Jimmy Carter mendapat nilai tinggi dari para elit media Amerika dan internasional atas visi utopisnya mengenai perlucutan senjata dunia, perdamaian di Timur Tengah, dan kebijakan “keterlibatan”-nya. Namun dia “terkejut dan terkejut” ketika Soviet menginvasi Afghanistan dan “sangat kecewa” karena kaum revolusioner Islam yang merebut kekuasaan di Teheran menolak tawarannya untuk “dialog untuk menyelesaikan perbedaan kita”.

Meskipun pemerintahan Obama telah sukses secara spektakuler dalam mendorong agenda domestiknya melalui Kongres, kebijakan keamanan nasionalnya mungkin lebih merusak aspirasinya dibandingkan apa pun yang dilakukannya di dalam negeri. Janjinya untuk melakukan pemotongan besar-besaran terhadap anggaran pertahanan AS bahkan lebih kejam daripada janji Jimmy Carter dan pasti akan diawasi oleh sekutu dan musuh. Lebih buruk lagi, sikap Obama yang obsesif dan alasan-alasan yang ia berikan kepada para pemimpin asing membuatnya tampak seperti pemimpin yang lebih lemah dibandingkan Carter.

Minggu ini, menyusul laporan jumlah korban yang lebih besar di Afghanistan dan rilis besar-besaran materi rahasia di Internet, jajak pendapat menunjukkan bahwa hanya 36 persen rakyat Amerika yang menyetujui kinerjanya sebagai panglima tertinggi. Angka tersebut tiga poin lebih rendah dibandingkan penilaian mereka terhadap penanganannya terhadap kekacauan ekonomi AS saat ini dan angka pengangguran sebesar 9,5 persen.

Tampaknya tidak terpengaruh oleh penurunan tajam jumlah tersebut, Obama mengirim Duta Besar John Roos, utusan AS ke Tokyo, untuk menyampaikan permintaan maaf seremonial.

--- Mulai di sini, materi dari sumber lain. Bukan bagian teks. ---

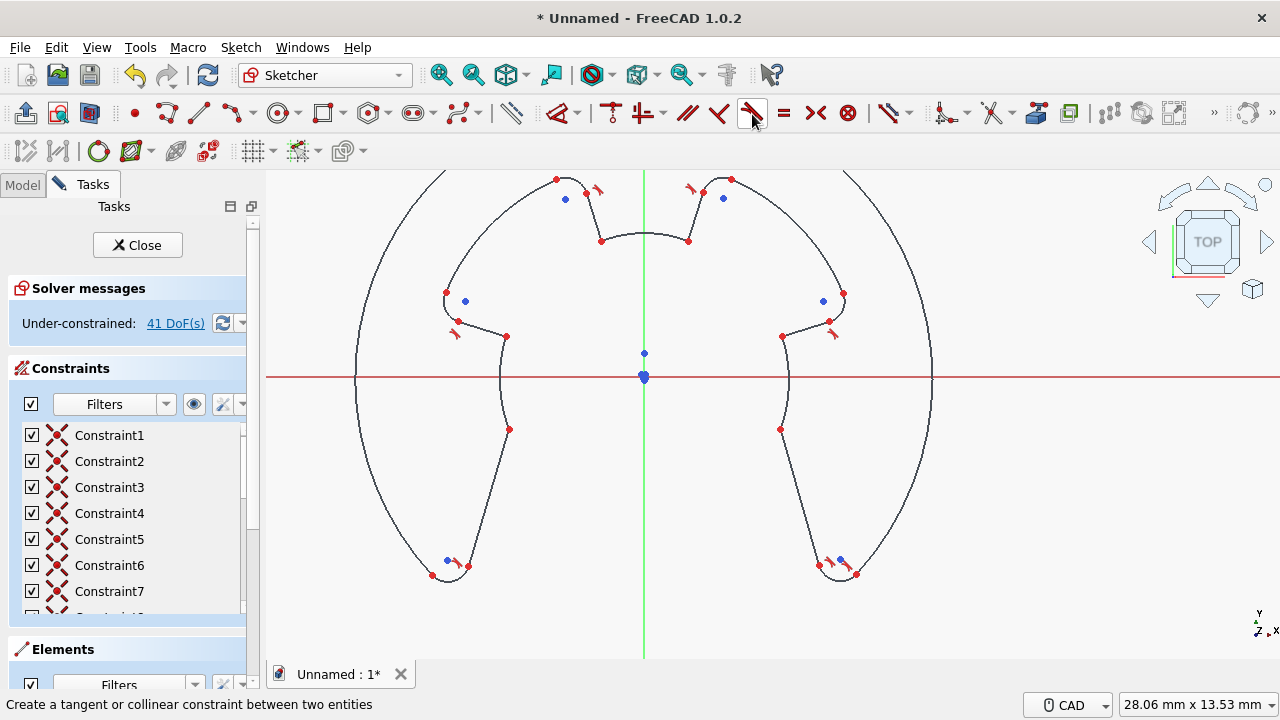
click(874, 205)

Ini juga merupakan “pertama” Obama lainnya: Seorang duta besar AS akan menghadiri upacara tahunan “Perdamaian Dunia” yang bersifat anti-Amerika dan terbuka di Hiroshima, di lokasi di mana senjata nuklir pertama dari dua senjata nuklir digunakan untuk mengakhiri Perang Dunia II.

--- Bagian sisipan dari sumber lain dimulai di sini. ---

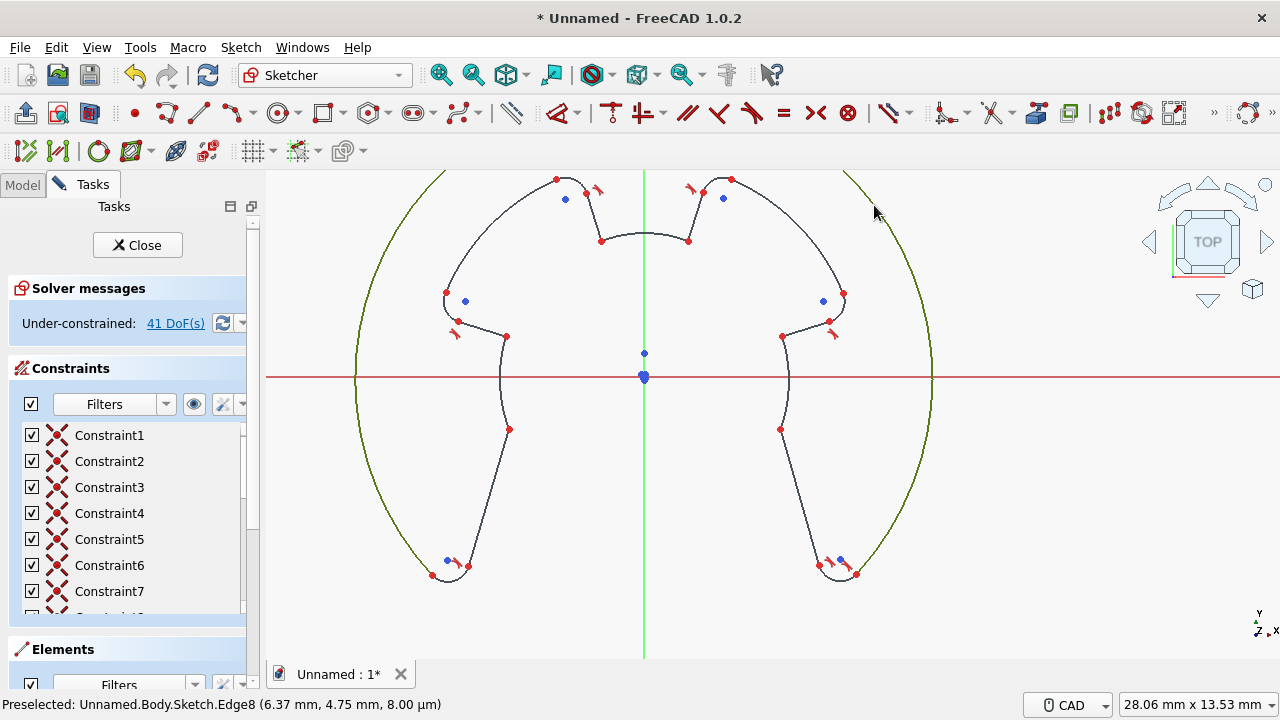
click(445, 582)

Seperti biasa, media arus utama dan pers internasional memuji langkah tersebut. Apakah tindakan ini akan menjadi “ular” kebijakan luar negeri lainnya bagi Obama, tentu saja, bukan merupakan panggilannya. Terserah pada “Kami Rakyat”.

Indiana Jones, telepon kantormu.

– Oliver North adalah kolumnis sindikasi nasional, pembawa acara “War Stories” di Fox News Channel dan penulis “American Heroes”.